I wrote the other day about Courthouse Square, the ubiquitous town centre used in countless films and TV shows. For someone like me, interested in both films and cities, a place like this is fascinating as a built embodiment of the kind of community that films and television shows hold up as an ideal. In reality, most of us live in far more mundane suburban environments that suffer various shortcomings: they are too dispersed, with residential, retail, and employment activities frequently located far apart; they have too little public transport, making us too dependent on cars; they are short of true public space, substituting instead private spaces such as shopping malls; and so on. Yet in films and television shows places like Courthouse Square are held forth as an alluring image of the town that has a discernible centre, public space, civic facilities, and an old-fashioned charm. These sets are interesting to an urban planner such as myself because they represent the best efforts of highly experienced dream manufacturers to build the ideal community.

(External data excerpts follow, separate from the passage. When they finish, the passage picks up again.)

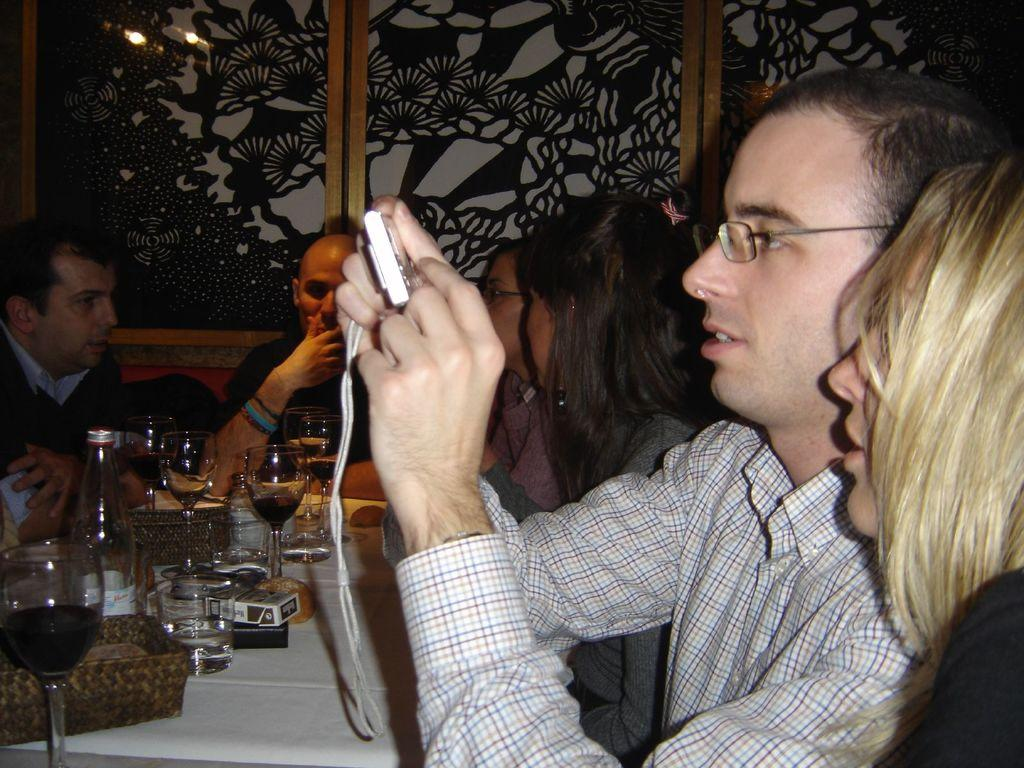How many people are in the image? There is a group of people in the image. What are the people doing in the image? The people are sitting on chairs. What is on the table in the image? There is a glass, a bottle, and a tray on the table. What can be seen in the background of the image? There is a curtain visible in the background of the image. What type of bone can be seen in the image? There is no bone present in the image. Is there a camera visible in the image? There is no camera present in the image. 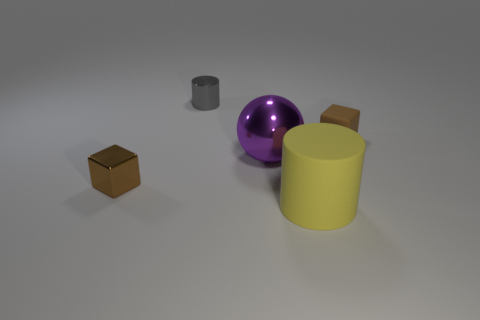What number of other objects are the same size as the yellow matte cylinder?
Your answer should be compact. 1. There is a metal thing that is the same color as the tiny matte block; what size is it?
Make the answer very short. Small. What number of cylinders are brown objects or yellow objects?
Give a very brief answer. 1. There is a small object behind the brown matte object; is its shape the same as the big yellow thing?
Offer a very short reply. Yes. Is the number of large objects in front of the brown shiny object greater than the number of large gray metal spheres?
Keep it short and to the point. Yes. There is a cylinder that is the same size as the sphere; what is its color?
Offer a terse response. Yellow. What number of things are either small brown objects on the left side of the small matte block or metal things?
Your answer should be compact. 3. There is a tiny shiny object that is the same color as the matte block; what shape is it?
Make the answer very short. Cube. There is a small brown block that is behind the small brown cube in front of the tiny rubber block; what is it made of?
Give a very brief answer. Rubber. Are there any gray objects that have the same material as the large purple sphere?
Give a very brief answer. Yes.

What’s even more interesting, though, is the example of Disneyland. Essentially, what we have here is a filmmaker, Walt Disney, who after World War II became increasingly disinterested in making films and turned instead to place making. He purchased land on the fringe of the city that epitomises the post-war urban fabric, built an environment strikingly similar to one of these movie towns, and then charged admission to it. The front section of Disneyland, and the one section that every visitor must pass through, is Main Street USA, a tangible realisation of the Hollywood movie town (my essay here gives extensive detail on the traits of the classic Hollywood town). Disney, renowned for his escapist film fantasies, was here selling people an escape to the fantasy of a pleasant, pedestrian-friendly urban environment with a civic square and public transport. In postwar L.A. this was a commodity in such short supply that Disney was able to turn around the fortunes of his struggling business driven almost solely by his Disneyland profits.